You get 0.1 common shares of MSTR for one share of the preferred stock (MSTK).

The MicroStrategy perpetual strike preferred stock are intended to work the following way:

  • they have a face value of $100, which is what you initially have to pay for them, and which is what MicroStrategy say they will still pay in case they go bankcrupt - which is something that you may have to assign your own risk value to. Note that preferred stock owners get remaining assets before common stock holders, but after bond holders.
  • you get a dividend, which is set at the offering, and assumed to be at around 8% (i.e. $8 per year)
  • you have no voting rights
  • you are allowed to convert the preferred stock into 0.1 common stocks. This is only a good deal for you if the common stock is worth at least $1000 (assuming you got the preferred stocks at $100), otherwise you would just buy the common stock for less.
  • MicroStrategy is allowed to buy them back under certain conditions, but for at least $100

So the deal is: MicroStrategy gets money, and you get a dividend, and if the common stock (which loosely correlates with the bitcoin price) raises above $1000, you can (but don't have to) convert them, and profit from the raise in stock value. This behaviour is similar to a call option.

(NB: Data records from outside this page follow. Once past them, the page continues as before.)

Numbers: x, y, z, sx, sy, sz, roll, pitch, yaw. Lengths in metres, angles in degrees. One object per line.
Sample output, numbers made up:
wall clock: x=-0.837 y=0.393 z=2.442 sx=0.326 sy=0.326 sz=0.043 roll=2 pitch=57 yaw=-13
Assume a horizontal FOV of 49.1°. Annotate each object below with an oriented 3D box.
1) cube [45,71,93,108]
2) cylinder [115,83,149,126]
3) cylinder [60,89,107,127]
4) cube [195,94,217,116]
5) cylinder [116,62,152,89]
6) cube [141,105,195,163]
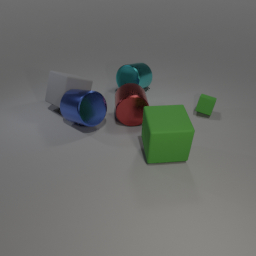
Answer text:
cube: x=-2.647 y=-1.660 z=12.511 sx=1.400 sy=1.400 sz=1.400 roll=24 pitch=16 yaw=40
cylinder: x=0.149 y=-1.010 z=11.883 sx=1.400 sy=1.400 sz=1.400 roll=-2 pitch=31 yaw=-3
cylinder: x=-1.806 y=-0.843 z=11.338 sx=1.400 sy=1.400 sz=1.400 roll=-26 pitch=26 yaw=-36
cube: x=3.448 y=-1.041 z=12.376 sx=0.700 sy=0.700 sz=0.700 roll=20 pitch=21 yaw=14
cylinder: x=0.329 y=-2.579 z=14.297 sx=1.400 sy=1.400 sz=1.400 roll=18 pitch=25 yaw=28
cube: x=1.274 y=0.189 z=9.443 sx=1.400 sy=1.400 sz=1.400 roll=-3 pitch=41 yaw=-6

It is actually intended that the conversion doesn't make sense right now (with MSTR stock at around 1/3 of those $1000), as until you convert them, they are basically an open ended bond/loan at (around) 8% for MicroStrategy. Also, until the MSTR stock gets closer to the conversion value, their inherent value should be around $100 plus value of the dividend, so they will probably(!) trade at a more stable value than the common stocks.

Note that this is specific to the MicroStrategy situation, but other convertable preferred stocks will in general work similarly (although each can have their own rules).